### Dataset entries
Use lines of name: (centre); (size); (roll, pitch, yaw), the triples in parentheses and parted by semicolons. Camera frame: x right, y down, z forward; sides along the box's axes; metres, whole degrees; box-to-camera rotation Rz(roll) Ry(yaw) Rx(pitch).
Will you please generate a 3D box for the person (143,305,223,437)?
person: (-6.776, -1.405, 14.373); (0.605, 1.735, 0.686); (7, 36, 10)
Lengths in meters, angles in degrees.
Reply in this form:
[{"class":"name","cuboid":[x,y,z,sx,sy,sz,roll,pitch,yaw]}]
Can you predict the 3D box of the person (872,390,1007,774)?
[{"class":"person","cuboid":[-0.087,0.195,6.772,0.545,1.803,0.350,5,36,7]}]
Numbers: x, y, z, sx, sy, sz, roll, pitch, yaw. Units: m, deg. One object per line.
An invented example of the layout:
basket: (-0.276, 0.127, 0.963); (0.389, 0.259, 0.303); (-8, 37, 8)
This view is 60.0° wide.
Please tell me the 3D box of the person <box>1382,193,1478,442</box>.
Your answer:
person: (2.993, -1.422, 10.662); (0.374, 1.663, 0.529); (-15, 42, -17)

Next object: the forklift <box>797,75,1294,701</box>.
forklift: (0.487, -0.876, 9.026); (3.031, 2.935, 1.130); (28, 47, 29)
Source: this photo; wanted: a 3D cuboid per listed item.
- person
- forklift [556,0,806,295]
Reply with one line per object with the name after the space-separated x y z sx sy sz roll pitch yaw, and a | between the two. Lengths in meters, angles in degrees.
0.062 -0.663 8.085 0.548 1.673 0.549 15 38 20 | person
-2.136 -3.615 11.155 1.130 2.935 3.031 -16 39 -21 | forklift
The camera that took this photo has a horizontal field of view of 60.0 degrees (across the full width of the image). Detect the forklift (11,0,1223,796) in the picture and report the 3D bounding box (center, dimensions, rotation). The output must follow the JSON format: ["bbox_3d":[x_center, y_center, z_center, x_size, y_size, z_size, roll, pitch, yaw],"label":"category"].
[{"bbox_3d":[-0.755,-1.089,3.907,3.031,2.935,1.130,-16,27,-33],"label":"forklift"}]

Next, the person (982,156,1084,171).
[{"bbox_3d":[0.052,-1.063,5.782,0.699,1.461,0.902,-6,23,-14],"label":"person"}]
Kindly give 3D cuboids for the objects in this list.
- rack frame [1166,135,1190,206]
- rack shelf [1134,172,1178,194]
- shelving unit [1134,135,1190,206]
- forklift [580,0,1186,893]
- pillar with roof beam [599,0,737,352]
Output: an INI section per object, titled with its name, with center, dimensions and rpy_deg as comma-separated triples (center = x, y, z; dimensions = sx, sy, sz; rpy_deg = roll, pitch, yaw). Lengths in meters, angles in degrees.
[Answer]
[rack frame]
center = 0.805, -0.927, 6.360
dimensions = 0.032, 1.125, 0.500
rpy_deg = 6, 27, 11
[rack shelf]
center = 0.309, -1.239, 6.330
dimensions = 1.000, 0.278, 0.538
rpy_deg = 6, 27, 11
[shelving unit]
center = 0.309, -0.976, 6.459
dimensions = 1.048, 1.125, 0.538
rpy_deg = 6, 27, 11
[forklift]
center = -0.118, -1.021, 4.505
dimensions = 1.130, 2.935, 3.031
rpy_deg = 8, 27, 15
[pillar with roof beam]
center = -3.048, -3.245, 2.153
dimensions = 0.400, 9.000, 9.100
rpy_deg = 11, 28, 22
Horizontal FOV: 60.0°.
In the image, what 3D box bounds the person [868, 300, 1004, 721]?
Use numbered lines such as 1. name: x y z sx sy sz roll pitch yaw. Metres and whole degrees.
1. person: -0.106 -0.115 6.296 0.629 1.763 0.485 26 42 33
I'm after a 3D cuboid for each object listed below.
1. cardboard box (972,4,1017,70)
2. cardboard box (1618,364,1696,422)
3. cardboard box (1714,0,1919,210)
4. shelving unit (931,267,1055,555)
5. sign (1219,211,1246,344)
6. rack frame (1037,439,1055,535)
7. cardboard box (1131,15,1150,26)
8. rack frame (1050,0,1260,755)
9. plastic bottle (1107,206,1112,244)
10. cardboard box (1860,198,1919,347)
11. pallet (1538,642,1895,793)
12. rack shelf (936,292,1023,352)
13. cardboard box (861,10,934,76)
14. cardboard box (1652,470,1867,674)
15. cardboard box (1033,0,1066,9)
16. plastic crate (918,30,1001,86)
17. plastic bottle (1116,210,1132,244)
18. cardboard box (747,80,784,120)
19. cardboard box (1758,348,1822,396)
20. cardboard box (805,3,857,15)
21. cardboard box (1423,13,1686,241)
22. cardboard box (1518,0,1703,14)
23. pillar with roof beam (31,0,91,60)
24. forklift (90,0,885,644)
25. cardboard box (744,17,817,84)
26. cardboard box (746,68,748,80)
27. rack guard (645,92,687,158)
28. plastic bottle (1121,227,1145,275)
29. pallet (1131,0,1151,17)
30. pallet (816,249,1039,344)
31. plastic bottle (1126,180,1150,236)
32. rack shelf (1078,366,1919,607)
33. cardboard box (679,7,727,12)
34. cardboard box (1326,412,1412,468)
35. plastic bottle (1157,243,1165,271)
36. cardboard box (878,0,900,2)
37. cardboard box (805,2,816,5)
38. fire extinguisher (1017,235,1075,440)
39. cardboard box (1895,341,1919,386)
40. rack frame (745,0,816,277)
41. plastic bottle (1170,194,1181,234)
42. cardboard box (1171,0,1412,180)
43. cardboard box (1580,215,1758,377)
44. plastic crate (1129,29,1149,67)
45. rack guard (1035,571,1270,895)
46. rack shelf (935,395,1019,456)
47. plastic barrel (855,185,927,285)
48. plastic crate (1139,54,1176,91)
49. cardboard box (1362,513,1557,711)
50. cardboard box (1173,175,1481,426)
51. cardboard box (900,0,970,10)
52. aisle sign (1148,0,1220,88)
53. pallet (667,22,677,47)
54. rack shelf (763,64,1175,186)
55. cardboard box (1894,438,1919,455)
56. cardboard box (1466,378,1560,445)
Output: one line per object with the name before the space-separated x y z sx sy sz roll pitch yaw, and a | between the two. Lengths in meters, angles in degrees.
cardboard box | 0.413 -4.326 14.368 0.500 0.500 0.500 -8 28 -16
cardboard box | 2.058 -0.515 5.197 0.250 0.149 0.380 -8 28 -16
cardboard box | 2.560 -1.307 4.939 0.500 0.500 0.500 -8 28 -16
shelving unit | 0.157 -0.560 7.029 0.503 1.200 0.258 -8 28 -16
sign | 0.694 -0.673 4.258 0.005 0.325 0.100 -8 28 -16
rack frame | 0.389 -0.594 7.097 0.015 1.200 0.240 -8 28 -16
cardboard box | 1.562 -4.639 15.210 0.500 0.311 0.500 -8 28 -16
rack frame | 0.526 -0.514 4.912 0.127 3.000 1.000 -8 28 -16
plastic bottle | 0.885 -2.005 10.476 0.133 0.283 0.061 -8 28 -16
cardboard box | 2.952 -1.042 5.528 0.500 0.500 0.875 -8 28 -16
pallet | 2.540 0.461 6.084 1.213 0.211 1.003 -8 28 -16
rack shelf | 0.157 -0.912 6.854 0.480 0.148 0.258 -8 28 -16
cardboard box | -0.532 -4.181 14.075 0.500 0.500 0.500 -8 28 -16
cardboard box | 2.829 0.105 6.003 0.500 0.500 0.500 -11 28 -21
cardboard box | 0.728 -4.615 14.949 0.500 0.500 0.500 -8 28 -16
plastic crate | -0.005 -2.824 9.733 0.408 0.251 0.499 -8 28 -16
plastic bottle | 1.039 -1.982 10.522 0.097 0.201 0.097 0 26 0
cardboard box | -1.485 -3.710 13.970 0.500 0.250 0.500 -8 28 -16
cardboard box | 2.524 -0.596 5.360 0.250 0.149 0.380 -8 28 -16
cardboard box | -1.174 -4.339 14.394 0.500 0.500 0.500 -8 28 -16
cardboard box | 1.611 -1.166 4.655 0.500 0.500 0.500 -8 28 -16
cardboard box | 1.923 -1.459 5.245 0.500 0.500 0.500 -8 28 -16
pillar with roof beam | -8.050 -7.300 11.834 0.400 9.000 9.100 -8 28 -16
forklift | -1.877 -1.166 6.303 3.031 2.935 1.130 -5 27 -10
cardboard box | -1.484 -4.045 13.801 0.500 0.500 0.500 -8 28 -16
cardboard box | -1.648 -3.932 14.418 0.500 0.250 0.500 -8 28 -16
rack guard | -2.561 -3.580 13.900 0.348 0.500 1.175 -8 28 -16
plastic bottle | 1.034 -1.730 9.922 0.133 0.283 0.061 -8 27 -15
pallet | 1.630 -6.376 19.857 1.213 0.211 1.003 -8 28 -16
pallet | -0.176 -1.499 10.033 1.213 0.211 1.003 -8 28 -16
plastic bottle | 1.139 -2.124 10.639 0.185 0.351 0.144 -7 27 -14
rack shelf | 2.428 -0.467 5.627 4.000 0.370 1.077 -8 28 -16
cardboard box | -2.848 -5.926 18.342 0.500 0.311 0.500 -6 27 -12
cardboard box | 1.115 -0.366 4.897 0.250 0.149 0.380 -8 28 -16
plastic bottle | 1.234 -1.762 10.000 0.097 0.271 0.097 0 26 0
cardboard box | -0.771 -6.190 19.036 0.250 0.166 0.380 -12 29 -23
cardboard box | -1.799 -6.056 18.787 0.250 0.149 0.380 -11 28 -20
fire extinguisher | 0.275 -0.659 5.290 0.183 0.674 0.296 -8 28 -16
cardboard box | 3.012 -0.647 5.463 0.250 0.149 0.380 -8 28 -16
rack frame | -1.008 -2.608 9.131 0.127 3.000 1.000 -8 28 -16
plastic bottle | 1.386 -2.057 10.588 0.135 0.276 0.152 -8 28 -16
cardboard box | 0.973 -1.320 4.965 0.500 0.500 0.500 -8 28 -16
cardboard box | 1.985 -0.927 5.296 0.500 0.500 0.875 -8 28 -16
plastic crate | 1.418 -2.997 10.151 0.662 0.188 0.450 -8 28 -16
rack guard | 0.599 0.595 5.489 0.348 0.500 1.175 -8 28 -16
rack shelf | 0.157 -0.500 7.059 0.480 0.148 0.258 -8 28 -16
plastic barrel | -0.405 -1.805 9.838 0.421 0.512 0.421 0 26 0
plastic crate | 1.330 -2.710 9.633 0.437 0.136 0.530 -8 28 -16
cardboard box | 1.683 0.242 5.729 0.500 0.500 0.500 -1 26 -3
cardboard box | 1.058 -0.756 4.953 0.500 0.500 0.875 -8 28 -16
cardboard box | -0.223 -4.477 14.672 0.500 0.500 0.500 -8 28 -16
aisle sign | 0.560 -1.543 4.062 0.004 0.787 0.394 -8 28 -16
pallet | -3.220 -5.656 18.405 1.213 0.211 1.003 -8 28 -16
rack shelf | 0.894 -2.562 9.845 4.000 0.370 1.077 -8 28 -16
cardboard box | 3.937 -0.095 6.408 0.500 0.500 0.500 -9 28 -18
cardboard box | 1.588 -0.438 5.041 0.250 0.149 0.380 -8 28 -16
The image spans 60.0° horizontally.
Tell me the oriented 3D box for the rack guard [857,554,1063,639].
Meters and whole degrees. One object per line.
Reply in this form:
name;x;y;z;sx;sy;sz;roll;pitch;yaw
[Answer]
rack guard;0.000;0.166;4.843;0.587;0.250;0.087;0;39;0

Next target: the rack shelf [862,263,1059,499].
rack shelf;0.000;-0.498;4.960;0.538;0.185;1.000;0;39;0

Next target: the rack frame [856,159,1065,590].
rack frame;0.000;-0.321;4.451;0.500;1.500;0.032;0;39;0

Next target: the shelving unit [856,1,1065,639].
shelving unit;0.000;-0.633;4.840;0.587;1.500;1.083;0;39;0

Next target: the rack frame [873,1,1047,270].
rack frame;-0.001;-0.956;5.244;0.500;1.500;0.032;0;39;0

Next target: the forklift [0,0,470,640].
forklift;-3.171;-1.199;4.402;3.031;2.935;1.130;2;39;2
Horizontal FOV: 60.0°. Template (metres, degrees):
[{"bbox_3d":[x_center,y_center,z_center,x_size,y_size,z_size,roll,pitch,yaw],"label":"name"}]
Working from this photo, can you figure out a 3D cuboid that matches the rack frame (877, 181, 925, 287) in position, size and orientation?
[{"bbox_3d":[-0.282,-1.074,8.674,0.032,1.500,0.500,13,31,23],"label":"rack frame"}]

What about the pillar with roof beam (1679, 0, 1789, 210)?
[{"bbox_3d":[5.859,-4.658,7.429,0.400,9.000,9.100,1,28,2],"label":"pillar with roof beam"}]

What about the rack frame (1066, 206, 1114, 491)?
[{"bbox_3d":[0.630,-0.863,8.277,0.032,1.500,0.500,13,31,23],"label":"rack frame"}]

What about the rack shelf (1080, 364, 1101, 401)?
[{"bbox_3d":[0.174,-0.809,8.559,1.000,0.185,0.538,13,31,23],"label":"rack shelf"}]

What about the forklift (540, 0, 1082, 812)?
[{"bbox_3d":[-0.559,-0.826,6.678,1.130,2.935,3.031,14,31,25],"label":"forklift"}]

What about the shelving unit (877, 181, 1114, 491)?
######
> [Problem statement]:
Proceeding from the line containing "- rack shelf [1134,172,1178,194]" through the line containing "I'm after a", transcribe the lines above exactly, both end lines included.

> [Output]:
- rack shelf [1134,172,1178,194]
- shelving unit [1134,135,1190,206]
- forklift [580,0,1186,893]
- pillar with roof beam [599,0,737,352]
Output: an INI section per object, titled with its name, with center, dimensions and rpy_deg as comma-separated triples (center = x, y, z; dimensions = sx, sy, sz; rpy_deg = roll, pitch, yaw). Lengths in meters, angles in degrees.
[Answer]
[rack frame]
center = 0.805, -0.927, 6.360
dimensions = 0.032, 1.125, 0.500
rpy_deg = 6, 27, 11
[rack shelf]
center = 0.309, -1.239, 6.330
dimensions = 1.000, 0.278, 0.538
rpy_deg = 6, 27, 11
[shelving unit]
center = 0.309, -0.976, 6.459
dimensions = 1.048, 1.125, 0.538
rpy_deg = 6, 27, 11
[forklift]
center = -0.118, -1.021, 4.505
dimensions = 1.130, 2.935, 3.031
rpy_deg = 8, 27, 15
[pillar with roof beam]
center = -3.048, -3.245, 2.153
dimensions = 0.400, 9.000, 9.100
rpy_deg = 11, 28, 22
Horizontal FOV: 60.0°.
In the image, what 3D box bounds the person [868, 300, 1004, 721]?
Use numbered lines such as 1. name: x y z sx sy sz roll pitch yaw. Metres and whole degrees.
1. person: -0.106 -0.115 6.296 0.629 1.763 0.485 26 42 33
I'm after a 3D cuboid for each object listed below.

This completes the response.